> **What is needed**
Give back every entry exactly as it is written, but not the pictures.

> **Provided data**
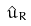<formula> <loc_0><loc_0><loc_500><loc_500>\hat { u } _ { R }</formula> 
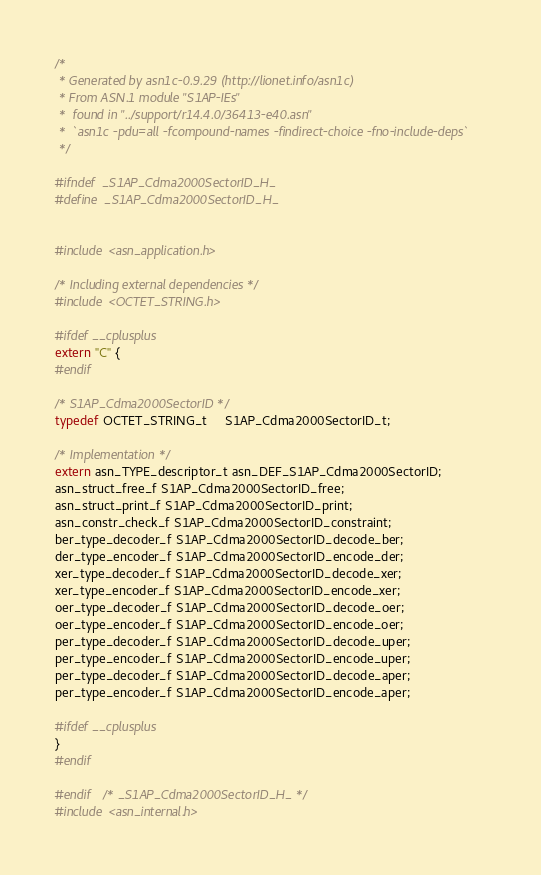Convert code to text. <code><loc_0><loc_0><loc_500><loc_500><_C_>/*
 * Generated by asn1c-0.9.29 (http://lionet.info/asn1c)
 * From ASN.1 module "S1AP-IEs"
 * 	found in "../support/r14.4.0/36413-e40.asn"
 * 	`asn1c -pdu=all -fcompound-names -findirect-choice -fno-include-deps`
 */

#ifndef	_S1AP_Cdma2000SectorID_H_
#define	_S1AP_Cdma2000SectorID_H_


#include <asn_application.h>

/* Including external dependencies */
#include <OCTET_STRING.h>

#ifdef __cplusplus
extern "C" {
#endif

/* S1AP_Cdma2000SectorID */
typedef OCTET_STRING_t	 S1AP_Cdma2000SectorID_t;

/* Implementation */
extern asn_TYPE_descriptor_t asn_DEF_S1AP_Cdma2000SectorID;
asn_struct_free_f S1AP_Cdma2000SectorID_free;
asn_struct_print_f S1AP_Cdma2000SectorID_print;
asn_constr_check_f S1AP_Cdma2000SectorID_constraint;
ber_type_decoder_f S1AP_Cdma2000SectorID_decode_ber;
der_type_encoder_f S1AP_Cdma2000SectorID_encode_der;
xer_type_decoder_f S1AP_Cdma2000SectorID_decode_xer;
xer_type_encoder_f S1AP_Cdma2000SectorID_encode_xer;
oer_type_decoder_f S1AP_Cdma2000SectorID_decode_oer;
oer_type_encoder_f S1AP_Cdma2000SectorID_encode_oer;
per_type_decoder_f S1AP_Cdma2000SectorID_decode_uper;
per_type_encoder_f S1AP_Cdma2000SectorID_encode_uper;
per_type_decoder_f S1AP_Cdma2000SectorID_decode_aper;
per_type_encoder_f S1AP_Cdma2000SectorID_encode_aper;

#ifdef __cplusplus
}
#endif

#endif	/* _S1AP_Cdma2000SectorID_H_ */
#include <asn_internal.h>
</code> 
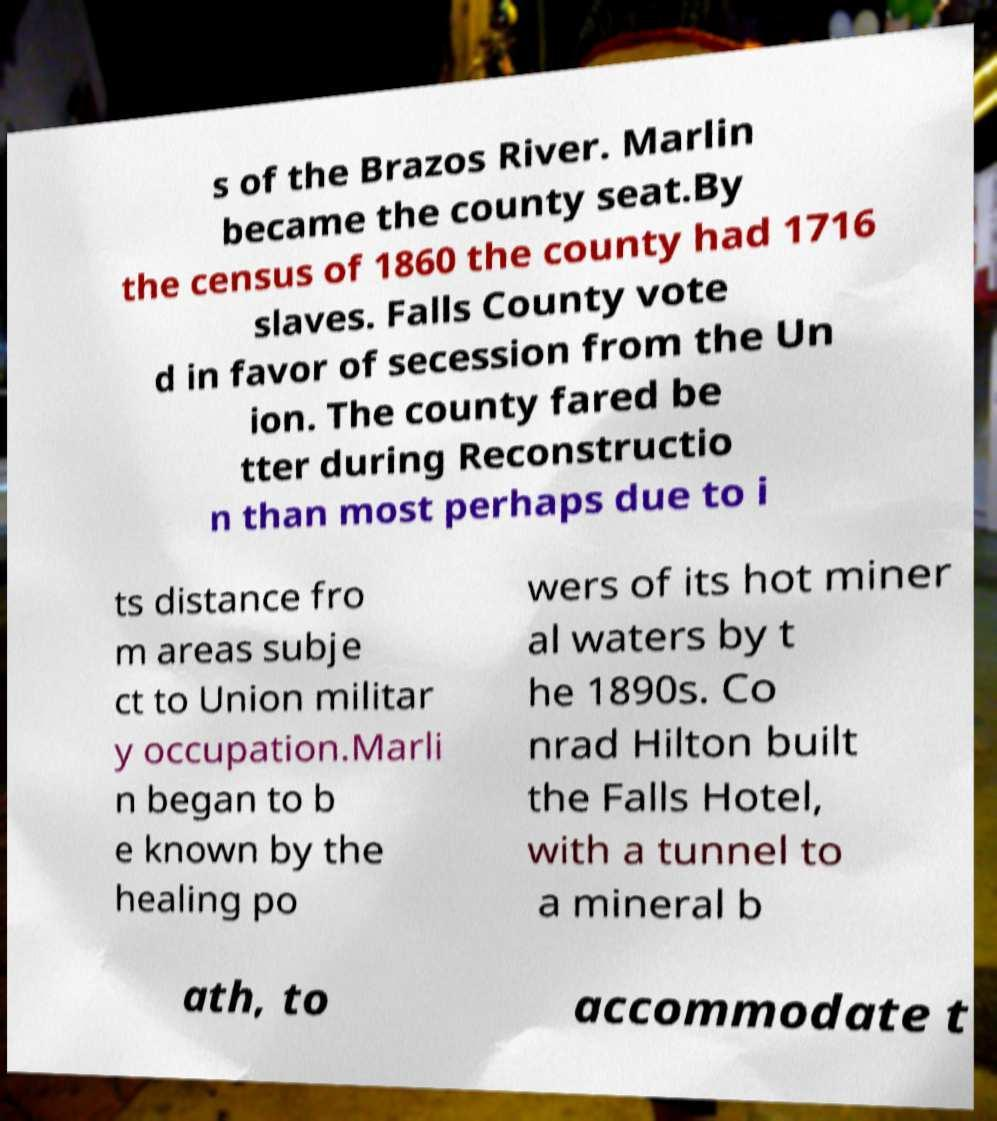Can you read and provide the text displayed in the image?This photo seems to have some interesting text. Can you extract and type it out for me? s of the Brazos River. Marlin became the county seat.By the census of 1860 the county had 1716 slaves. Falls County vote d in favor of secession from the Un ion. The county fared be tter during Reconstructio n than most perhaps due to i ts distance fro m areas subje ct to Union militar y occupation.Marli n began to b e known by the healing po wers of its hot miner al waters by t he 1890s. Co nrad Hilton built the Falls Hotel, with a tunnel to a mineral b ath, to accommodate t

> **Worked solution**
<formula> <loc_0><loc_0><loc_500><loc_500>\hat { u } _ { R }</formula> 
Convert code to text. <code><loc_0><loc_0><loc_500><loc_500><_C_>/*
 * Generated by asn1c-0.9.29 (http://lionet.info/asn1c)
 * From ASN.1 module "S1AP-IEs"
 * 	found in "../support/r14.4.0/36413-e40.asn"
 * 	`asn1c -pdu=all -fcompound-names -findirect-choice -fno-include-deps`
 */

#ifndef	_S1AP_Cdma2000SectorID_H_
#define	_S1AP_Cdma2000SectorID_H_


#include <asn_application.h>

/* Including external dependencies */
#include <OCTET_STRING.h>

#ifdef __cplusplus
extern "C" {
#endif

/* S1AP_Cdma2000SectorID */
typedef OCTET_STRING_t	 S1AP_Cdma2000SectorID_t;

/* Implementation */
extern asn_TYPE_descriptor_t asn_DEF_S1AP_Cdma2000SectorID;
asn_struct_free_f S1AP_Cdma2000SectorID_free;
asn_struct_print_f S1AP_Cdma2000SectorID_print;
asn_constr_check_f S1AP_Cdma2000SectorID_constraint;
ber_type_decoder_f S1AP_Cdma2000SectorID_decode_ber;
der_type_encoder_f S1AP_Cdma2000SectorID_encode_der;
xer_type_decoder_f S1AP_Cdma2000SectorID_decode_xer;
xer_type_encoder_f S1AP_Cdma2000SectorID_encode_xer;
oer_type_decoder_f S1AP_Cdma2000SectorID_decode_oer;
oer_type_encoder_f S1AP_Cdma2000SectorID_encode_oer;
per_type_decoder_f S1AP_Cdma2000SectorID_decode_uper;
per_type_encoder_f S1AP_Cdma2000SectorID_encode_uper;
per_type_decoder_f S1AP_Cdma2000SectorID_decode_aper;
per_type_encoder_f S1AP_Cdma2000SectorID_encode_aper;

#ifdef __cplusplus
}
#endif

#endif	/* _S1AP_Cdma2000SectorID_H_ */
#include <asn_internal.h>
</code> 
Can you read and provide the text displayed in the image?This photo seems to have some interesting text. Can you extract and type it out for me? s of the Brazos River. Marlin became the county seat.By the census of 1860 the county had 1716 slaves. Falls County vote d in favor of secession from the Un ion. The county fared be tter during Reconstructio n than most perhaps due to i ts distance fro m areas subje ct to Union militar y occupation.Marli n began to b e known by the healing po wers of its hot miner al waters by t he 1890s. Co nrad Hilton built the Falls Hotel, with a tunnel to a mineral b ath, to accommodate t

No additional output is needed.